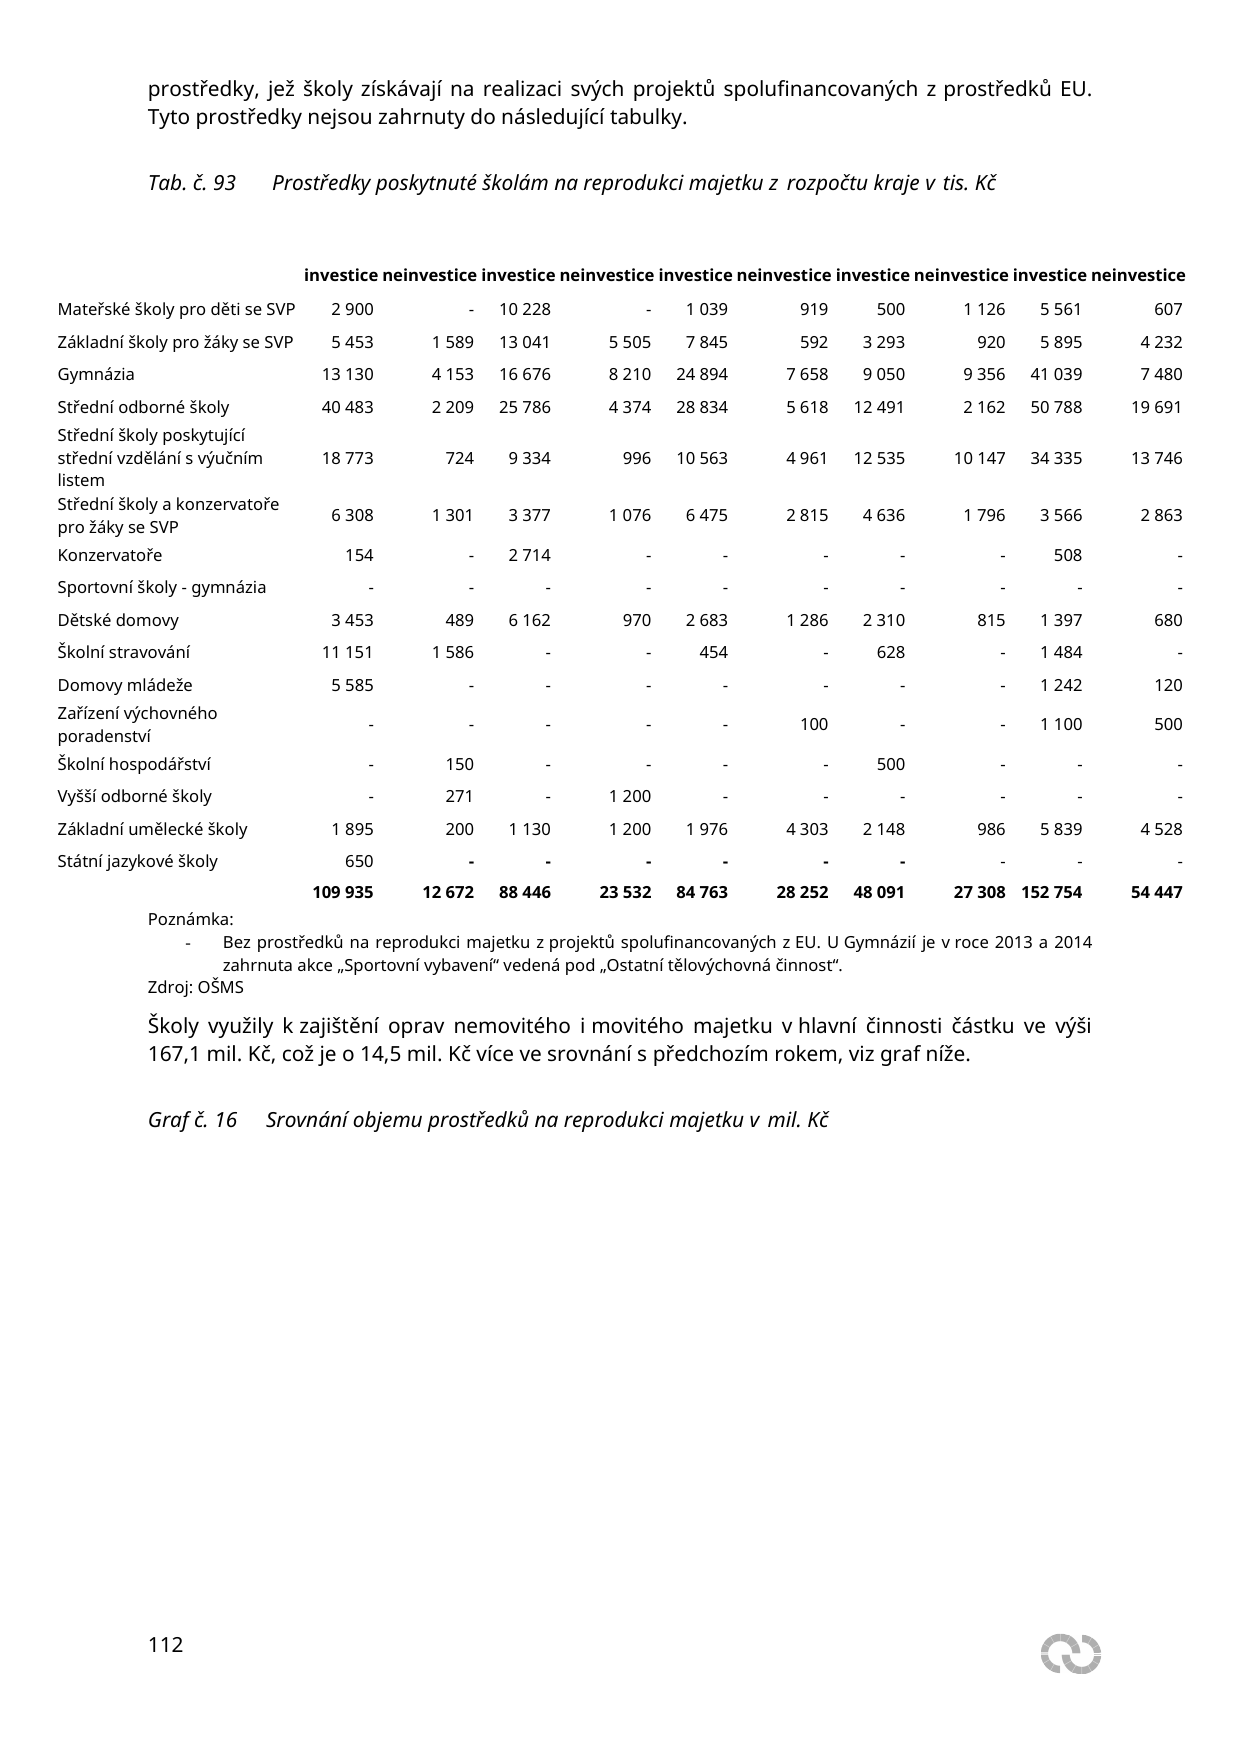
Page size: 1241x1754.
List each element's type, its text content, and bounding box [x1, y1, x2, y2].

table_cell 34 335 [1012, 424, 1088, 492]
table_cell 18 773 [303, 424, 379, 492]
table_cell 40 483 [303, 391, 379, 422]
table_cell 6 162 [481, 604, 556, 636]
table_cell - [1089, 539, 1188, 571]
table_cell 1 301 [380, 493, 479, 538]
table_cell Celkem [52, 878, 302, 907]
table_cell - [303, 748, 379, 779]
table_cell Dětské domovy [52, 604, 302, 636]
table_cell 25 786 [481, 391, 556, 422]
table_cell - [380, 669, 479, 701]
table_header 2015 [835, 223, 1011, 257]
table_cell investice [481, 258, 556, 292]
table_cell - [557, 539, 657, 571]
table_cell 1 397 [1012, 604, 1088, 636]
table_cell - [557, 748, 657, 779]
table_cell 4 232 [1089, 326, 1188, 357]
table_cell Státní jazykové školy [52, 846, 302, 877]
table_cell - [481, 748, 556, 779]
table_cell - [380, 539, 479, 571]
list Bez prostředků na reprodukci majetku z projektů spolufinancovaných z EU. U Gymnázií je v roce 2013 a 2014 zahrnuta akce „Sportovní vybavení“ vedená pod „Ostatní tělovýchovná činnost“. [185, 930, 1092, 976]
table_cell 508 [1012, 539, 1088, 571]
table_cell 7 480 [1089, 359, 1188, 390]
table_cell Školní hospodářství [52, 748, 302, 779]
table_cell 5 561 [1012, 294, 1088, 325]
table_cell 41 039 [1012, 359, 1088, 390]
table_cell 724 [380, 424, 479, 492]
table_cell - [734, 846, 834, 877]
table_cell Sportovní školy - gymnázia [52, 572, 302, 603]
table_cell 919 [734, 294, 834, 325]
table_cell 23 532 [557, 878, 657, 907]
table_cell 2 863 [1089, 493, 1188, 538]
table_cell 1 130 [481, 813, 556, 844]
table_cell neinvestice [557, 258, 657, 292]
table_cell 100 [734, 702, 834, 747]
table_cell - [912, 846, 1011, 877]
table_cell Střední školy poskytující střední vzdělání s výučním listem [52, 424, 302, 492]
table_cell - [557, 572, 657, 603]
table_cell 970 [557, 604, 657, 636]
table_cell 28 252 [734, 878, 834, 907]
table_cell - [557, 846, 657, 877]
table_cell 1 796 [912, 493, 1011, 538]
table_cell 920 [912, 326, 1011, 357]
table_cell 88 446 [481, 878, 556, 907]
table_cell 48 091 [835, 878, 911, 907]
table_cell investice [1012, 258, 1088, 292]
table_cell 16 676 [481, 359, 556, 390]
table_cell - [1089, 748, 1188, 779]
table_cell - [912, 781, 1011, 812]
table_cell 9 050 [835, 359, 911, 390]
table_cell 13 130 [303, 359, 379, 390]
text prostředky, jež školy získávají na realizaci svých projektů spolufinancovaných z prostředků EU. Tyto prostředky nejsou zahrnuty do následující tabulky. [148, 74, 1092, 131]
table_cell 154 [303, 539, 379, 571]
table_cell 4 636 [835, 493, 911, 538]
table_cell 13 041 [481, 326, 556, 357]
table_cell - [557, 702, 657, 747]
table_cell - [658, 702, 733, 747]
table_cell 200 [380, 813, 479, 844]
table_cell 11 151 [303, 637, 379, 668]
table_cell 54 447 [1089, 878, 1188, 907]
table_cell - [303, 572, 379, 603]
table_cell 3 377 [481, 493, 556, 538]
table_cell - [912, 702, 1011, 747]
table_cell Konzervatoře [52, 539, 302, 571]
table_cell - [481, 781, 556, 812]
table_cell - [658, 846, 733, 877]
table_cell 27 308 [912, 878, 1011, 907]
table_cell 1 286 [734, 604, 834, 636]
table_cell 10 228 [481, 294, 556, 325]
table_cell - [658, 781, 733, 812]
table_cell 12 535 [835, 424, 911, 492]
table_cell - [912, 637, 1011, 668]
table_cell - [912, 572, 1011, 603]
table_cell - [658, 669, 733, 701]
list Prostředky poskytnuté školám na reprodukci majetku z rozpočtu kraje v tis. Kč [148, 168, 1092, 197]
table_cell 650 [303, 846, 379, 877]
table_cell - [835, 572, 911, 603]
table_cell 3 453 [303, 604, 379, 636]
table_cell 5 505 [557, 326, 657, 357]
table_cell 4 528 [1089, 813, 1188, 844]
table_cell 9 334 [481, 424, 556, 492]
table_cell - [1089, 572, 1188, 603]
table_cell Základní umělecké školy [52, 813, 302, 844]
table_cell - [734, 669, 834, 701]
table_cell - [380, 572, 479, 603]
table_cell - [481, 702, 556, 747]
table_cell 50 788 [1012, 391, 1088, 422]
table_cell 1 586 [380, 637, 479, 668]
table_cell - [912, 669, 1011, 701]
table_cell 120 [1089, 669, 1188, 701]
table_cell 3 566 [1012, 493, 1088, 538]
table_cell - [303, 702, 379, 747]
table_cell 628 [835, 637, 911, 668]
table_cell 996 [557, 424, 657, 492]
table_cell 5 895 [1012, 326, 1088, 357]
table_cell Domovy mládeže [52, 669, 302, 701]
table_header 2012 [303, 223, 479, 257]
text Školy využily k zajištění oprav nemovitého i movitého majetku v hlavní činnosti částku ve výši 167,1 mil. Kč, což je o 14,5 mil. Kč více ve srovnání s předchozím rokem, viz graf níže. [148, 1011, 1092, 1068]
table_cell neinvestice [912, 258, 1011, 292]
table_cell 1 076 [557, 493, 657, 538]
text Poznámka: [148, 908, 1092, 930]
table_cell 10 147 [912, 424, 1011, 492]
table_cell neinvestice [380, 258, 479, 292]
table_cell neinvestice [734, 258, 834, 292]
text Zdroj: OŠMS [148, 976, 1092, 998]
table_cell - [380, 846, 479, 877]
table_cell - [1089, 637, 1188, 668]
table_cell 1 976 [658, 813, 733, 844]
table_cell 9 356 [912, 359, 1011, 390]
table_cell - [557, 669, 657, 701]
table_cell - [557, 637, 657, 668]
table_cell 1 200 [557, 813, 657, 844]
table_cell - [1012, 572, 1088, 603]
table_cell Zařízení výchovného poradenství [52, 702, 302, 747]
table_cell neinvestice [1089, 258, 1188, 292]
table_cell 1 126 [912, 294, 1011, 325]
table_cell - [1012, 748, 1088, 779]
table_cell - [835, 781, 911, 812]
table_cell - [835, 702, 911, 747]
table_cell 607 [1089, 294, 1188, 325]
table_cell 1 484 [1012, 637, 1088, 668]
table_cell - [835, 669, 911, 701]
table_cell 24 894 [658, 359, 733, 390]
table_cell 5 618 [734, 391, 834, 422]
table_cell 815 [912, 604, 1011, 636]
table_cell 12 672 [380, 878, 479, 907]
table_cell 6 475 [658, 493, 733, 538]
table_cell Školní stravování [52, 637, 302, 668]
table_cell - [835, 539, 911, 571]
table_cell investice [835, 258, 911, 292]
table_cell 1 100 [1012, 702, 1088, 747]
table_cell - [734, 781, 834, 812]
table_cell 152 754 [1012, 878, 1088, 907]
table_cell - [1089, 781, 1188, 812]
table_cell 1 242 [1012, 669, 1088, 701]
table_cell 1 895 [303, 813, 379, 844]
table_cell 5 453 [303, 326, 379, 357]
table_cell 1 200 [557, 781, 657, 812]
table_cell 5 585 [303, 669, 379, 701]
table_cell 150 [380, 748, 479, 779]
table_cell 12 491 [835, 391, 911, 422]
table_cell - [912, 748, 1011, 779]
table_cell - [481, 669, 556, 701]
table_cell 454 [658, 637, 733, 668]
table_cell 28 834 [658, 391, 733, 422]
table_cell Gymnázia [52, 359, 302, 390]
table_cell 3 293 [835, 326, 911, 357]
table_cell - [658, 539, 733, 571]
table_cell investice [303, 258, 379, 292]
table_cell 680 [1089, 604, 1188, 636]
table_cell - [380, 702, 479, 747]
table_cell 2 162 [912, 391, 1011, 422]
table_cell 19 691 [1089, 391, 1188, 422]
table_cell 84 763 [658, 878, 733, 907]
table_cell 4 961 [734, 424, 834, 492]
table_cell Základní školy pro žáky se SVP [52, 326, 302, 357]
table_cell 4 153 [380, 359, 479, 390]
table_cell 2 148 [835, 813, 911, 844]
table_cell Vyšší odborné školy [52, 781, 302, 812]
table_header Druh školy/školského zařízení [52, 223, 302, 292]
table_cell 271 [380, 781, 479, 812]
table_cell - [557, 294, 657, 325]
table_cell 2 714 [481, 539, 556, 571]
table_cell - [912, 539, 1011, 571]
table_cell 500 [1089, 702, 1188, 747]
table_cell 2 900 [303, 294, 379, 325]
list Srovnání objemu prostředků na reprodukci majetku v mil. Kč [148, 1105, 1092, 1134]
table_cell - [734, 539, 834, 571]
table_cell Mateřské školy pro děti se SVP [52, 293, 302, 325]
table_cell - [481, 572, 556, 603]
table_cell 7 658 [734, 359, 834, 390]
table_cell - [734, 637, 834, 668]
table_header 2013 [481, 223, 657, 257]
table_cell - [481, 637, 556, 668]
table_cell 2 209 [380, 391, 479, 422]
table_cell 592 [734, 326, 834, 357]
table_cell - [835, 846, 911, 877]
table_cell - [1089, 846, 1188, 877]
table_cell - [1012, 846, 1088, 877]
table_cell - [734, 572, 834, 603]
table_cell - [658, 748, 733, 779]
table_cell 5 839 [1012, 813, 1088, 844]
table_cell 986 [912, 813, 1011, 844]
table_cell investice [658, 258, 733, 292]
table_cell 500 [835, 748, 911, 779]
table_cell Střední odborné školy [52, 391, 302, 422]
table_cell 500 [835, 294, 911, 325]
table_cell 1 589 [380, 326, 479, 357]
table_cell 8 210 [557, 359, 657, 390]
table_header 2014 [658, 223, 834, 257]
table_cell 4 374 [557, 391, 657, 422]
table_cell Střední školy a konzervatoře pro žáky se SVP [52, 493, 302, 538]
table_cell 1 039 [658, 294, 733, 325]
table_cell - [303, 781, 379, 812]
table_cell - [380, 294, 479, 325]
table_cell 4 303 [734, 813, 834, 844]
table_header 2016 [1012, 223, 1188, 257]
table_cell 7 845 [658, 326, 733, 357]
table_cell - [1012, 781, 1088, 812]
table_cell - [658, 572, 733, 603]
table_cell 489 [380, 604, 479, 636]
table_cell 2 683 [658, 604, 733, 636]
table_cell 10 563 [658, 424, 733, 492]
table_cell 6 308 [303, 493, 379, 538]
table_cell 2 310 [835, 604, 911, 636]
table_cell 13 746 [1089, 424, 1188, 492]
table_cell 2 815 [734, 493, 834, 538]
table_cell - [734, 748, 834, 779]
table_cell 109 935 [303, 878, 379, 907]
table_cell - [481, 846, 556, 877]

● The task: In the listing above, find the line with "table_cell - [1089, 781, 1188, 812]" and the line with "table_cell - [912, 748, 1011, 779]", then print exactly those two lines and every line between them, and nothing more.

● Response area:
table_cell - [1089, 781, 1188, 812]
table_cell 1 242 [1012, 669, 1088, 701]
table_cell 1 895 [303, 813, 379, 844]
table_cell 5 453 [303, 326, 379, 357]
table_cell 1 200 [557, 781, 657, 812]
table_cell 5 585 [303, 669, 379, 701]
table_cell 150 [380, 748, 479, 779]
table_cell 12 491 [835, 391, 911, 422]
table_cell - [912, 748, 1011, 779]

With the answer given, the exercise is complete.